I didn’t know if I could, but I said, “OK,” and she folded her arms, rested her head back and closed her eyes.

“Which bit?”

“Any,” she said, her eyes still closed.

“OK. Shall I start at the beginning?”

“Good plan,” she said, so I did.

I liked the feeling behind the words I read. They were about losing something precious and finding it again, and I wanted to tell her that they were the things I felt. The emotion and the loss, the finding and the love. One of the sentences read: “I was not lost when I found you, but I had no idea where I was.” I wanted to say these words to her again, wanted to watch her as she listened, but she was asleep. So I put the book back on the table beside the bed, leant over her face and kissed the top of her head.

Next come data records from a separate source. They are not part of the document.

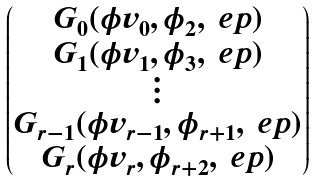Convert formula to latex. <formula><loc_0><loc_0><loc_500><loc_500>\begin{pmatrix} G _ { 0 } ( \phi v _ { 0 } , \phi _ { 2 } , \ e p ) \\ G _ { 1 } ( \phi v _ { 1 } , \phi _ { 3 } , \ e p ) \\ \vdots \\ G _ { r - 1 } ( \phi v _ { r - 1 } , \phi _ { r + 1 } , \ e p ) \\ G _ { r } ( \phi v _ { r } , \phi _ { r + 2 } , \ e p ) \end{pmatrix}</formula> 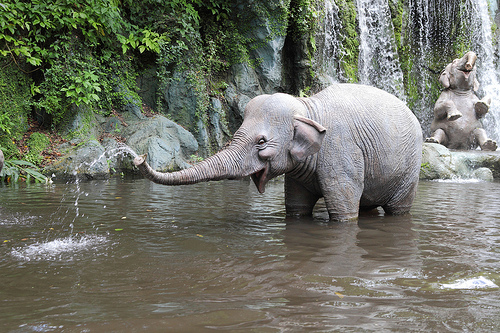Is there a surfboard or a can in the photograph?
Answer the question using a single word or phrase. No Is there a tennis ball or a fence in the image? No Are there either elephants or fences? Yes 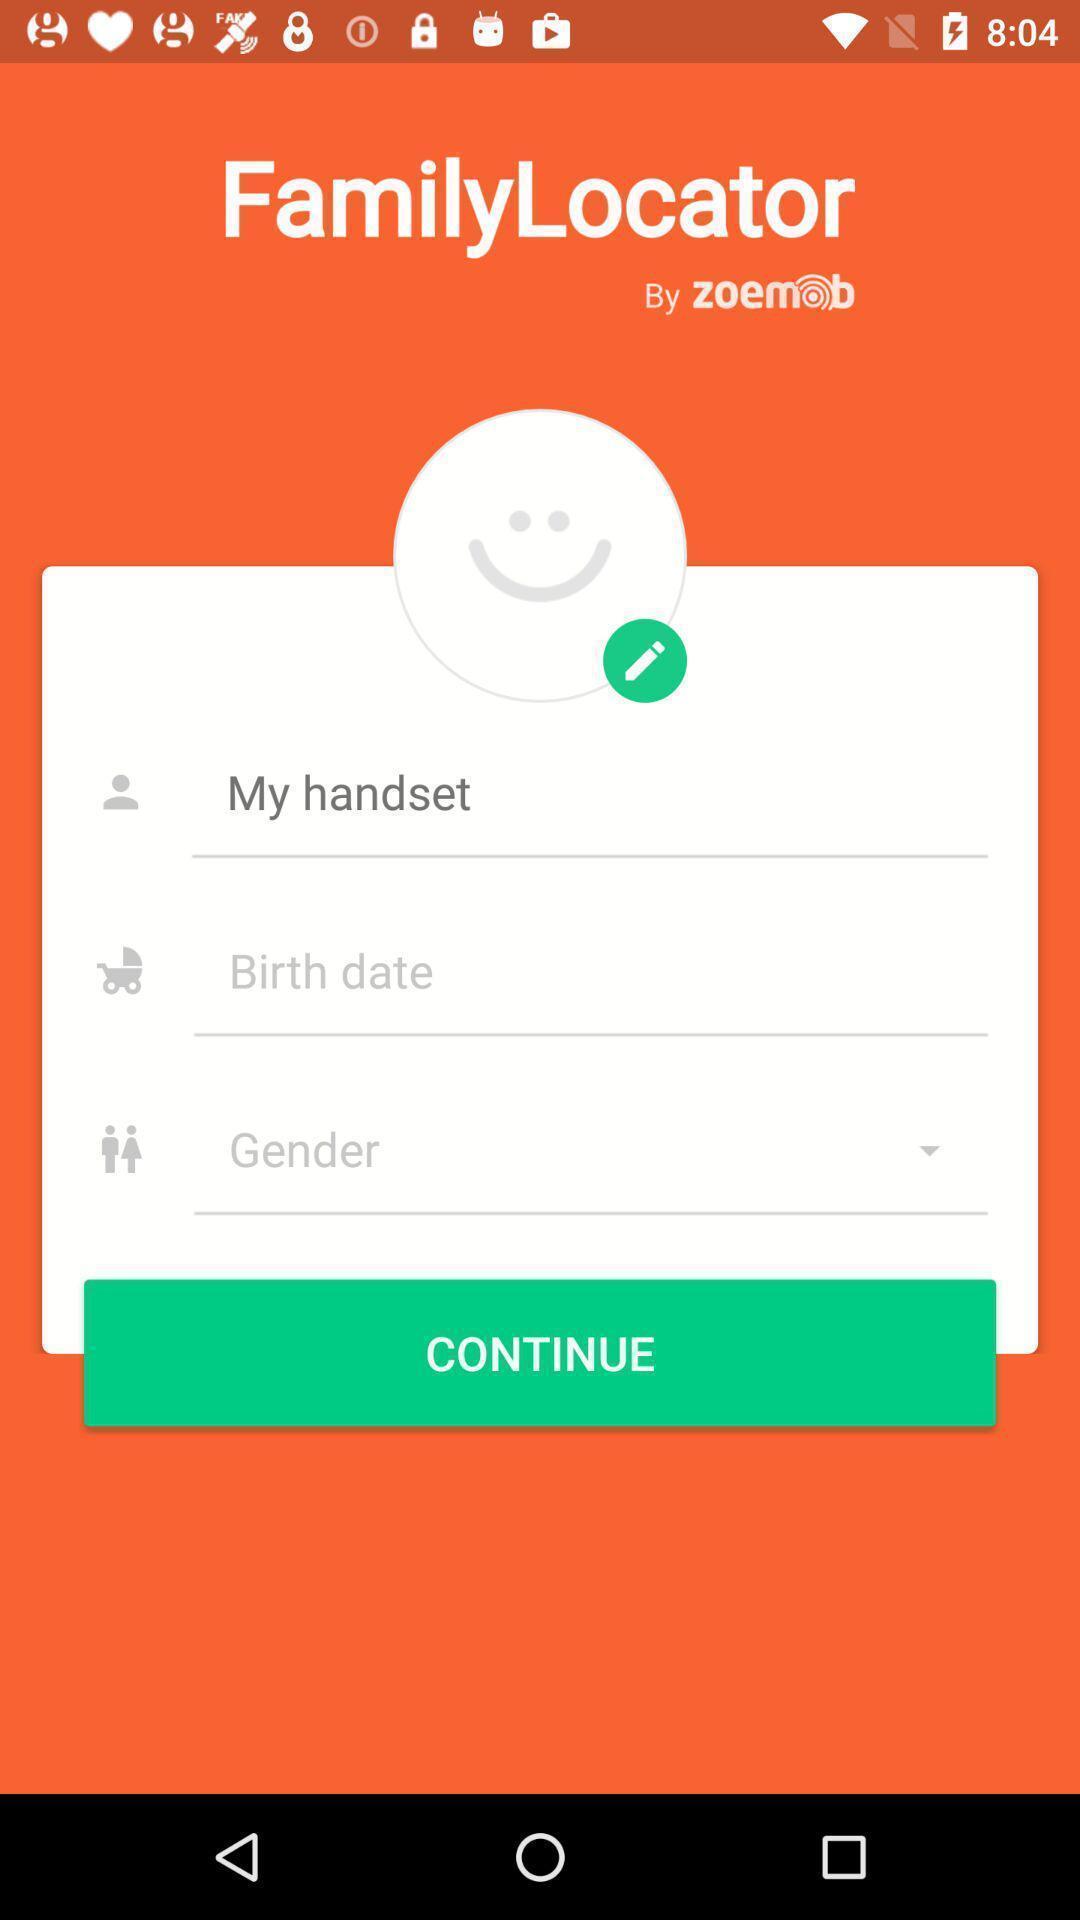Tell me about the visual elements in this screen capture. Profile page.

I lay back and I thought. I suppose I could have thought that I used to have a job working for a dairy farmer but managed to screw it up by refusing to tell my best friend to go fuck himself. Or I could have thought that birds are fat raindrops and pigs are the pink shadows of our souls, let loose in a world of trouble we have wished upon ourselves. Or I could have thought that next week I would pack a bag and walk away from Ashbrittle, and find a job in a place where no one knew me and the sun shone on people who failed. But I didn’t. I kissed Sam’s head again, touched the scar on her head and said, “Hello.” She didn’t wake up.

I sat up and looked outside. Beyond the bedroom window, the sun was bleeding though the clouds, and a blackbird was singing from a tree. He had the sweetest song, flutes in honey and water, angels in their houses, the promise of a warm evening. I looked beyond him, over the hedges and trees, and down the lane towards the village green. The world was full and ripe, a huge apple on a branch. I saw my dad come from our house. He stood in front of the pick-up and shook his head. There was something wrong with the carburettor, and he was going to try and fix it. Then I saw a dog, a scruffy thing that liked to chase leaves. It was called Rusty and only had one eye. It lived with some people who owned a cottage on the far side of the green. It barked at a pigeon, then lay down in the middle of the road. Another pigeon flew past, and a crow. A pigeon followed by a crow meant something, and it meant something important, but I couldn’t remember what. So I let the moment pass, and turned over and lay back, and let the sound of Sam’s dozing snuffles wash through the watery afternoon.